== TASK DESCRIPTION ==
Every line in the entries that holds "object" should be identified and copied.

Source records
==========
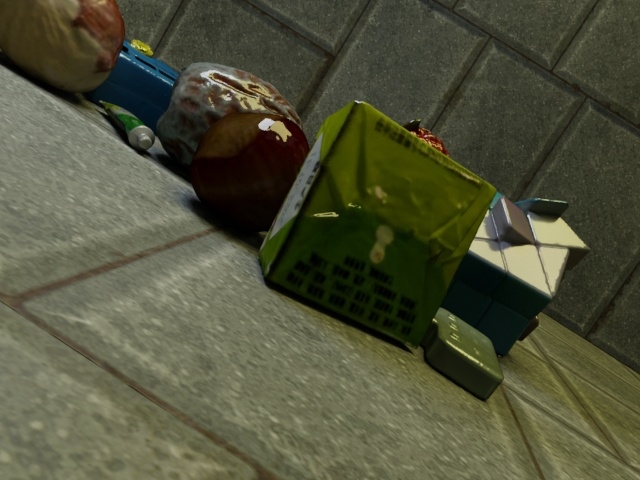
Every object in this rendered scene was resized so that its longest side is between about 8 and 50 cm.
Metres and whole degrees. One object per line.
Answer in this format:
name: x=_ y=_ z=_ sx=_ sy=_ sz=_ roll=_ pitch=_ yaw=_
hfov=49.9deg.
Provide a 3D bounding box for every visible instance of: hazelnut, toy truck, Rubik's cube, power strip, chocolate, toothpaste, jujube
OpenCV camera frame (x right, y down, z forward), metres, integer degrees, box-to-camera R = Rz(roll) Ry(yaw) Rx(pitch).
hazelnut: x=-0.513 y=-0.430 z=1.350 sx=0.261 sy=0.261 sz=0.241 roll=32 pitch=-12 yaw=0
toy truck: x=-0.360 y=-0.327 z=1.606 sx=0.384 sy=0.161 sz=0.162 roll=28 pitch=19 yaw=-34
Rubik's cube: x=0.368 y=0.042 z=1.572 sx=0.387 sy=0.358 sz=0.368 roll=33 pitch=51 yaw=5
power strip: x=0.217 y=0.170 z=1.196 sx=0.193 sy=0.059 sz=0.265 roll=33 pitch=10 yaw=4
hazelnut: x=-0.114 y=-0.116 z=1.188 sx=0.229 sy=0.230 sz=0.229 roll=31 pitch=9 yaw=-5
chocolate: x=0.081 y=-0.023 z=1.074 sx=0.300 sy=0.289 sz=0.137 roll=28 pitch=-1 yaw=-29
toothpaste: x=-0.378 y=-0.228 z=1.361 sx=0.078 sy=0.047 sz=0.248 roll=28 pitch=8 yaw=-37
jujube: x=-0.170 y=-0.208 z=1.389 sx=0.307 sy=0.246 sz=0.215 roll=23 pitch=52 yaw=-19

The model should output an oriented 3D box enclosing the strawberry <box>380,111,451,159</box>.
strawberry: x=0.110 y=-0.090 z=1.410 sx=0.311 sy=0.267 sz=0.351 roll=19 pitch=54 yaw=-15
==========
== COMPLETED TASK ==
Every object in this rendered scene was resized so that its longest side is between about 8 and 50 cm.
Metres and whole degrees. One object per line.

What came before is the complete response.